Asked to explain Sullivan’s role in his setup, LeRoux said, “He and Mrs. Yawkey will continue as general partners. Their ownership status hasn’t changed.” LeRoux once again denied that he is trying to sell the club, although the other side claims that he is trying to grab control so he can get his $23 million from David Mugar. They claim that Ch. 4 and The Globe were called with the information before Sullivan and Mrs. Yawkey were informed.

But, then, the two sides are as bitter as characters from “The Autumn of the Patriarch.” And Sullivan and Harrington made it eminently clear that they resented all this on the night honoring Tony Conigliaro and the Boys of ‘67.

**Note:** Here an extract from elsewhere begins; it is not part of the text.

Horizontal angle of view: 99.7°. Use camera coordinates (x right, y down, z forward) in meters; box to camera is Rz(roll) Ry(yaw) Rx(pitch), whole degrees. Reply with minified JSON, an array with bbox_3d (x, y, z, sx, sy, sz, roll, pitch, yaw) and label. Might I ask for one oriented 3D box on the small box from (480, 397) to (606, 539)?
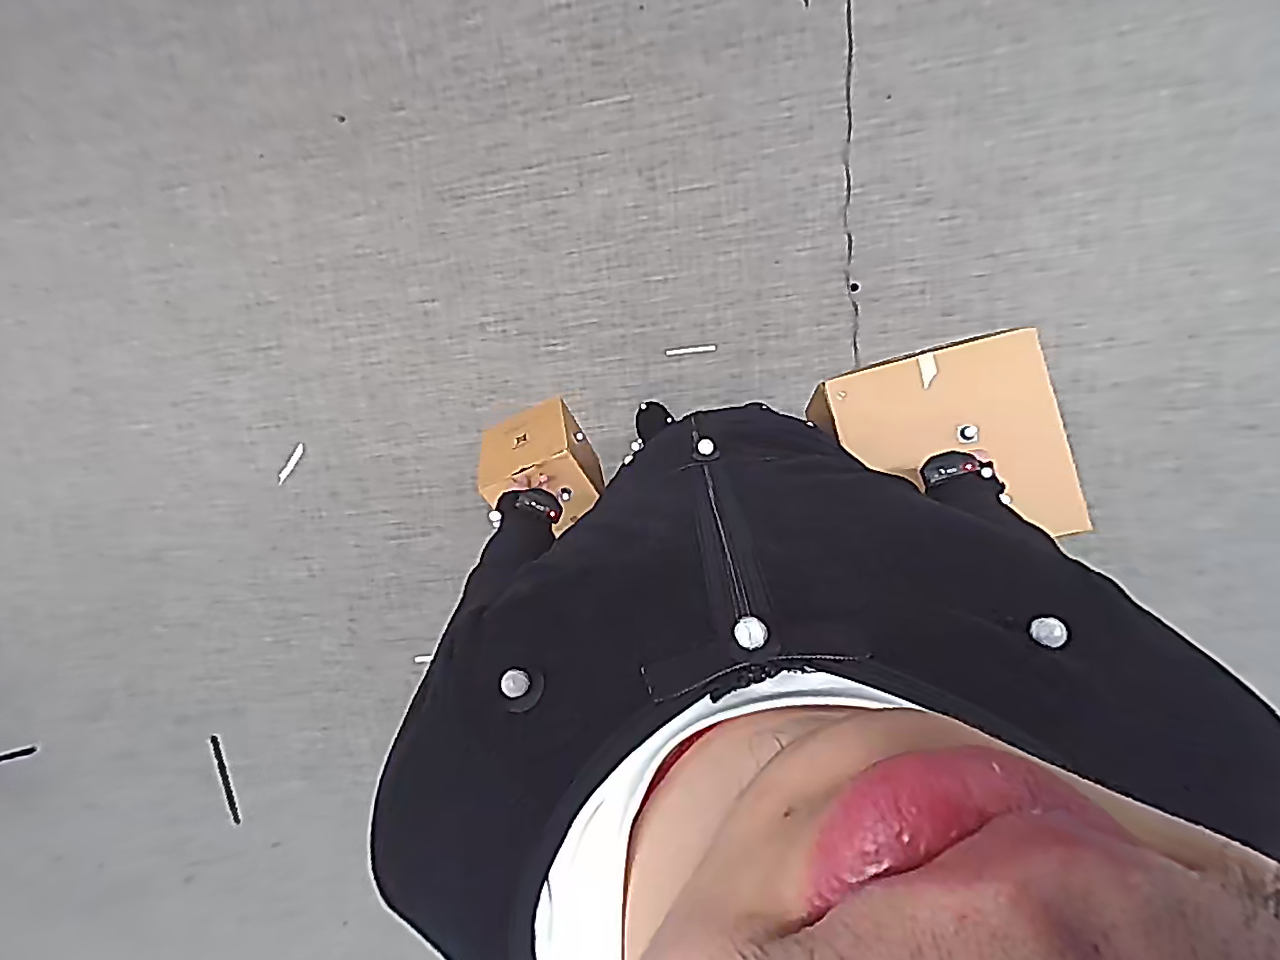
[{"bbox_3d":[-0.174,-0.014,0.991,0.168,0.179,0.176,-23,129,6],"label":"small box"}]

“It’s incredible that a matter like this comes up before such an important night,” said Harrington. He then admitted that they would be in court this morning seeking the restraining order. But, if they get the restraining order keeping Sullivan in his office and O’Connell in a parking space on Yawkey Way, what happens? “It could take a while,” Sullivan admitted. He didn’t say what would happen if he didn’t get the restraining order. Would he have to clear out his desk and go home? “We’ll get it,” replied Sullivan.

“We regret that the internal struggle - and we admit that there is an internal struggle - has become public, and appreciate that the ballclub itself has not been affected.”

The possibilities are endless. O’Connell and LeRoux could try to make a deal, and have Roger LaFrancois for Mark Bomback end up contested in court.

Anyway, last night the battle lines were drawn across the luxury boxes. Mrs. Yawkey sat in one. Next to hers, Sullivan watched with Harrington. Next to his, LeRoux sat with O’Connell.